Prompt: Beginning with the line containing "date: 1801-1900" and ending at the last line of the data, set down every line exactly, leaving out all pictures.
>>>
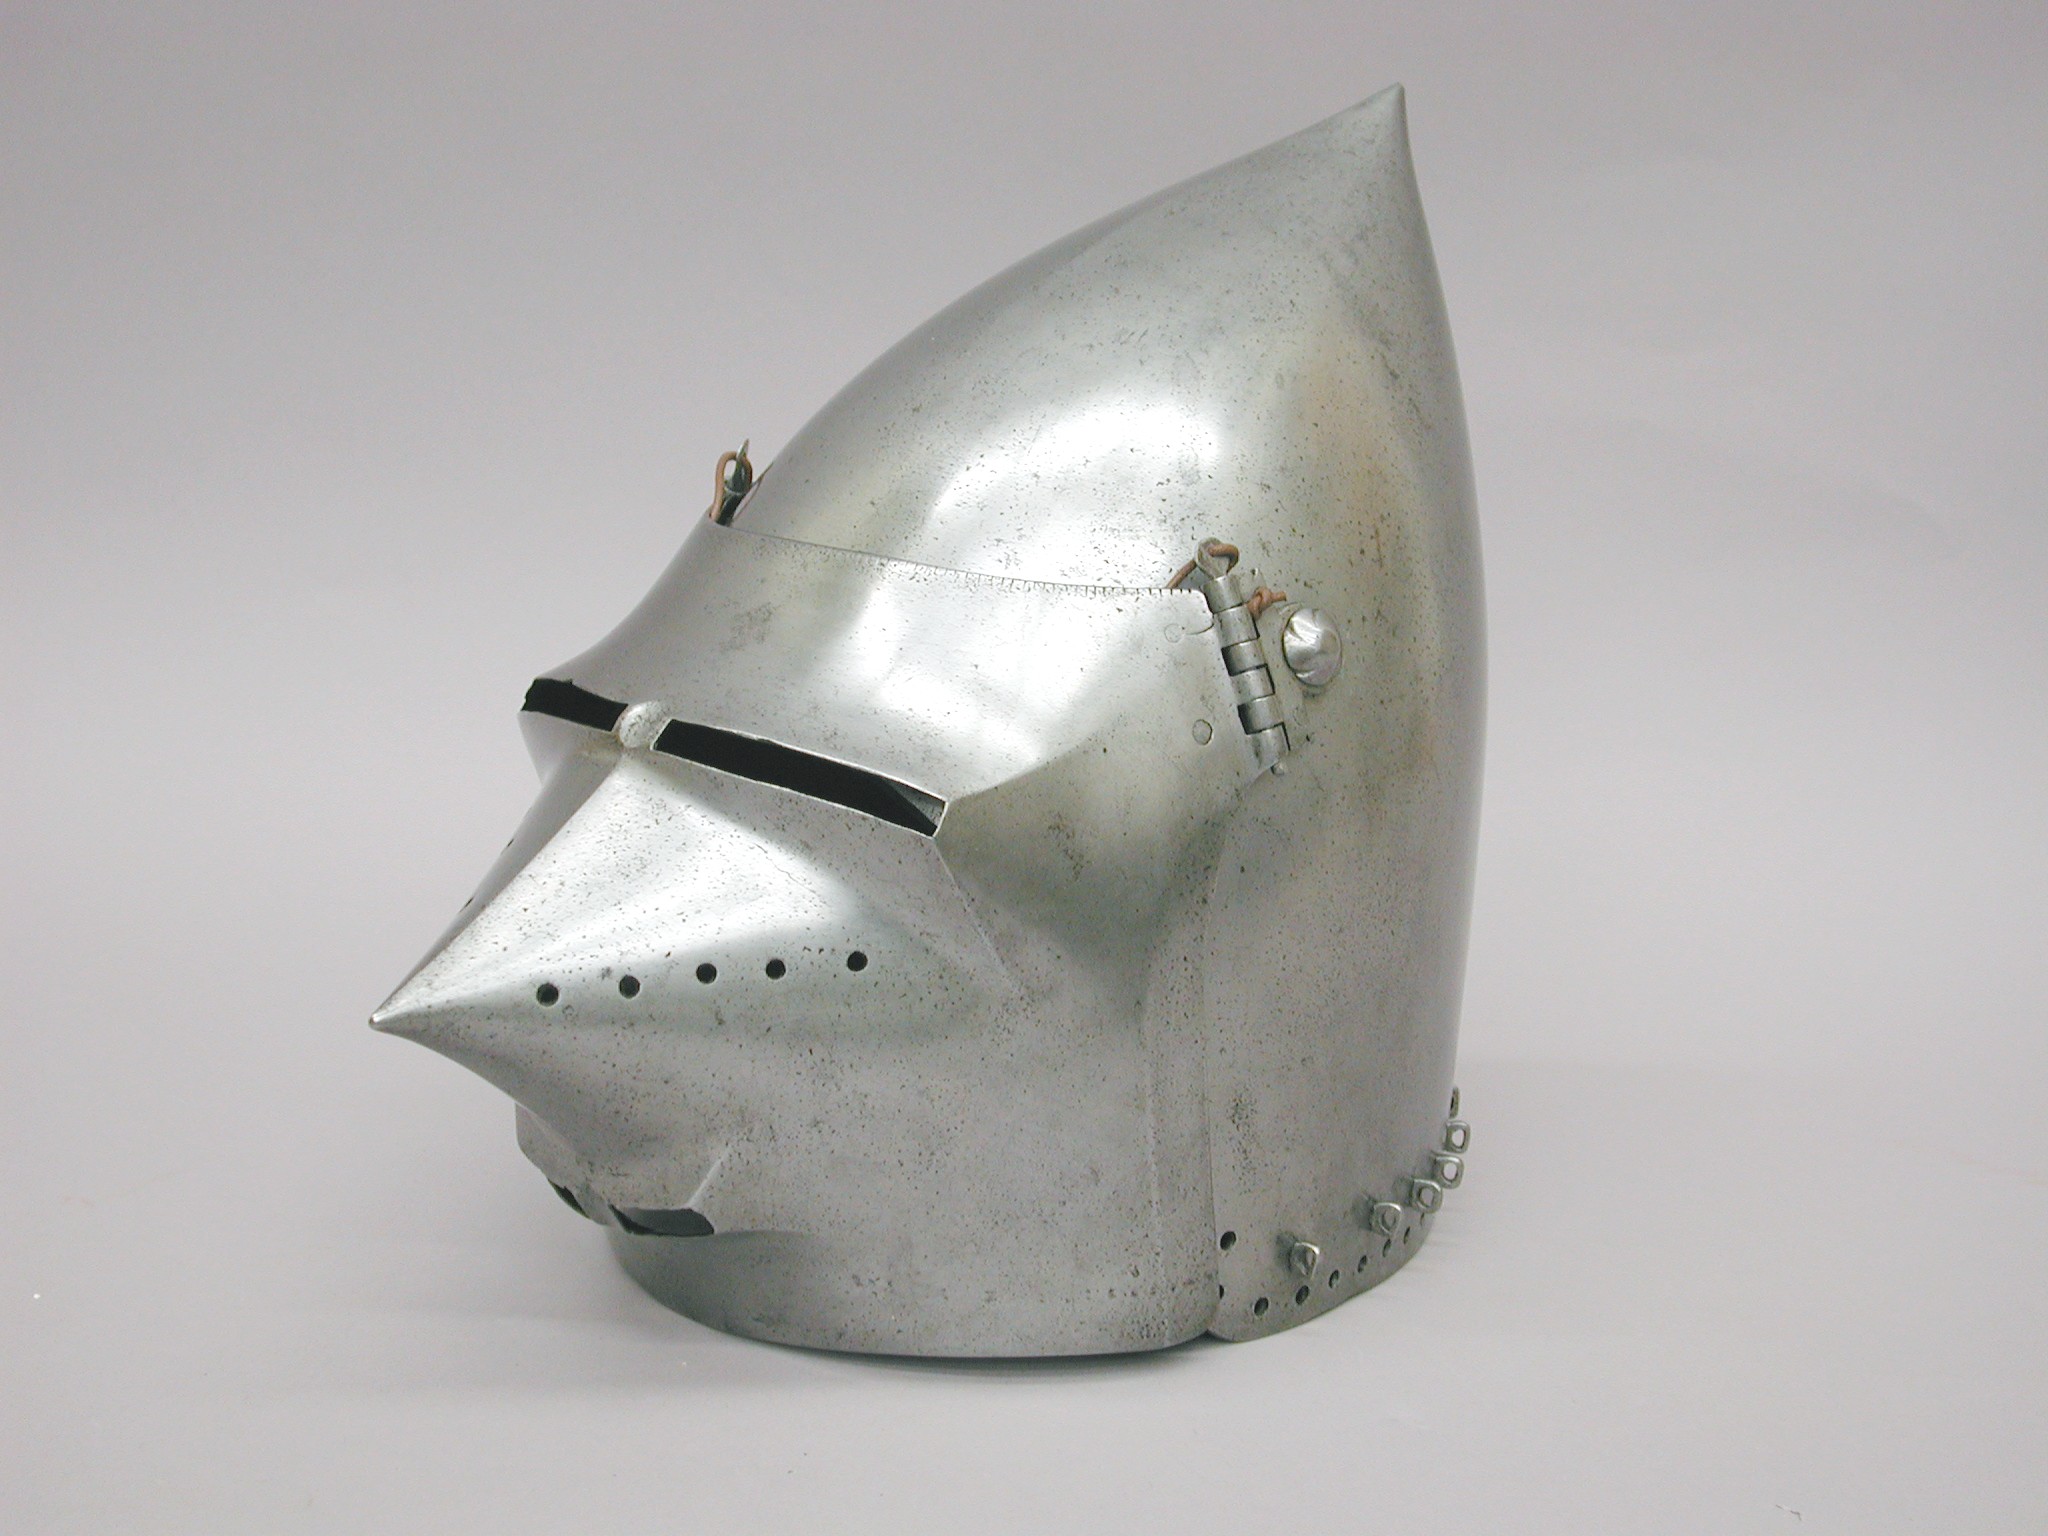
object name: visored bascinet
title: Visored Bascinet in the 14th century style
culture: french
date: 1801-1900
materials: steel
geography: france
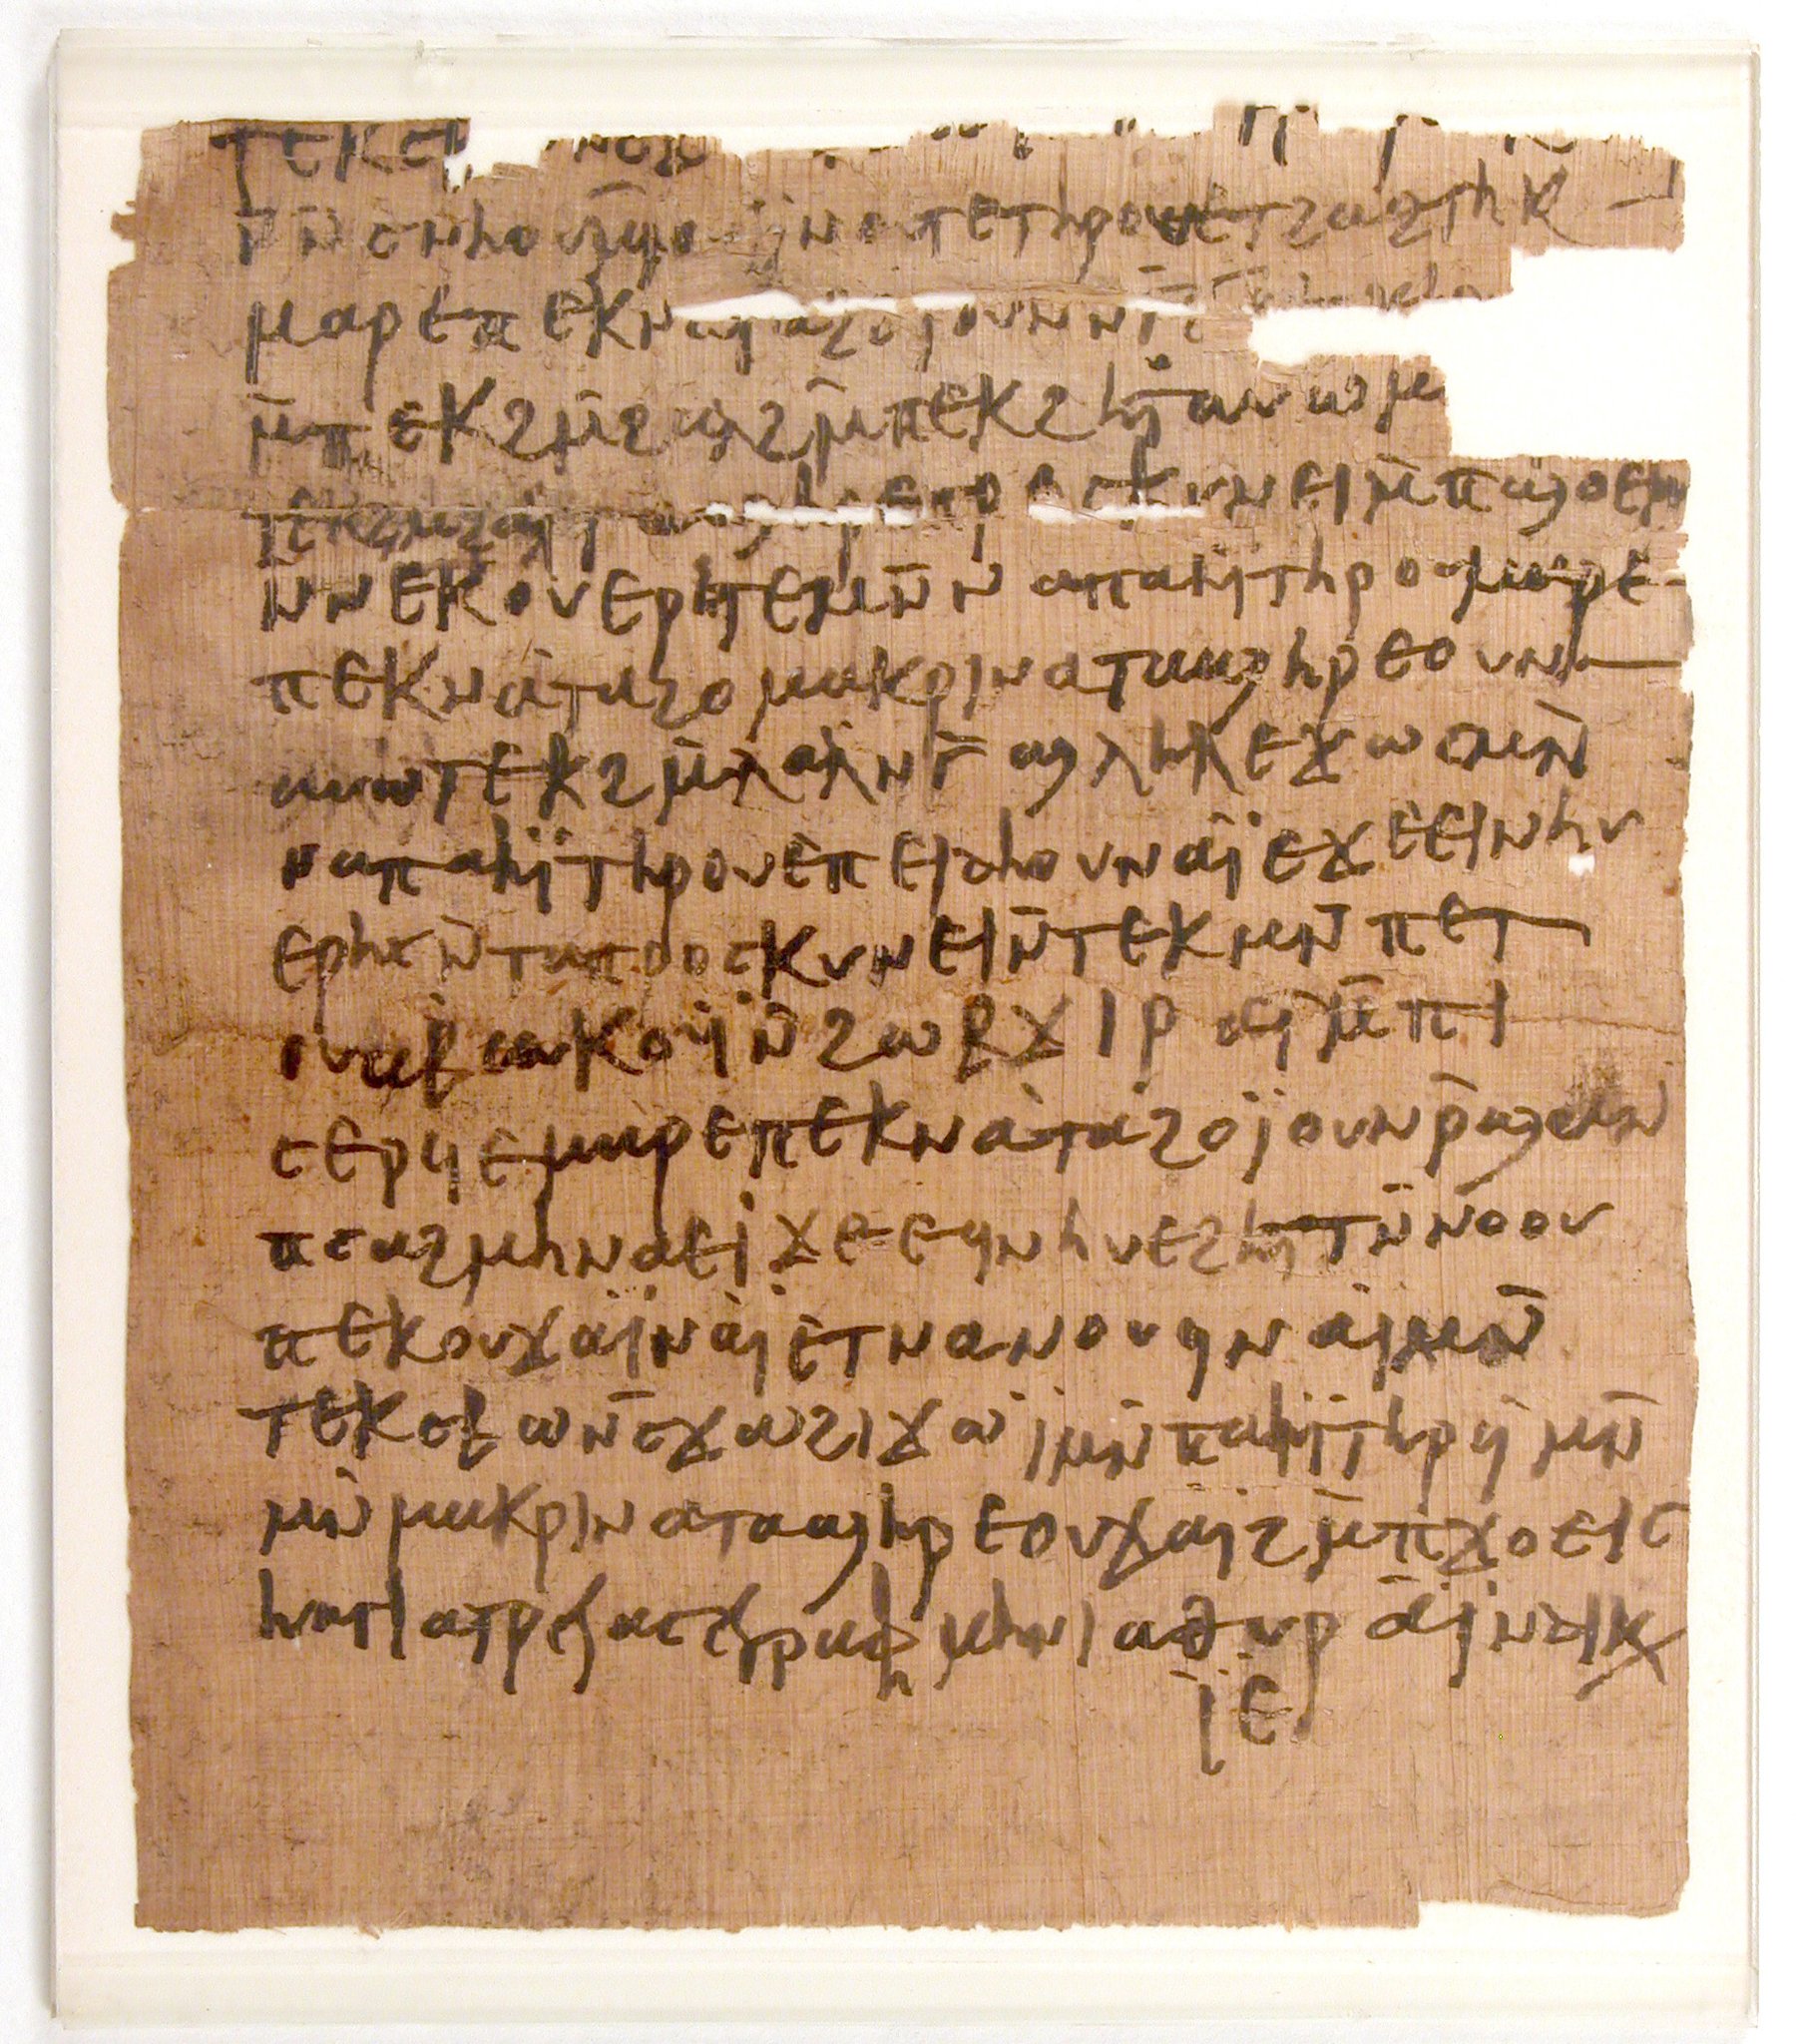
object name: fragment
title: Papyrus Fragment of a Letter
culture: coptic
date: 580-640
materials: ink, papyrus
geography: egypt
<<<
Exercise solution:
date: 1801-1900
materials: steel
geography: france
object name: fragment
title: Papyrus Fragment of a Letter
culture: coptic
date: 580-640
materials: ink, papyrus
geography: egypt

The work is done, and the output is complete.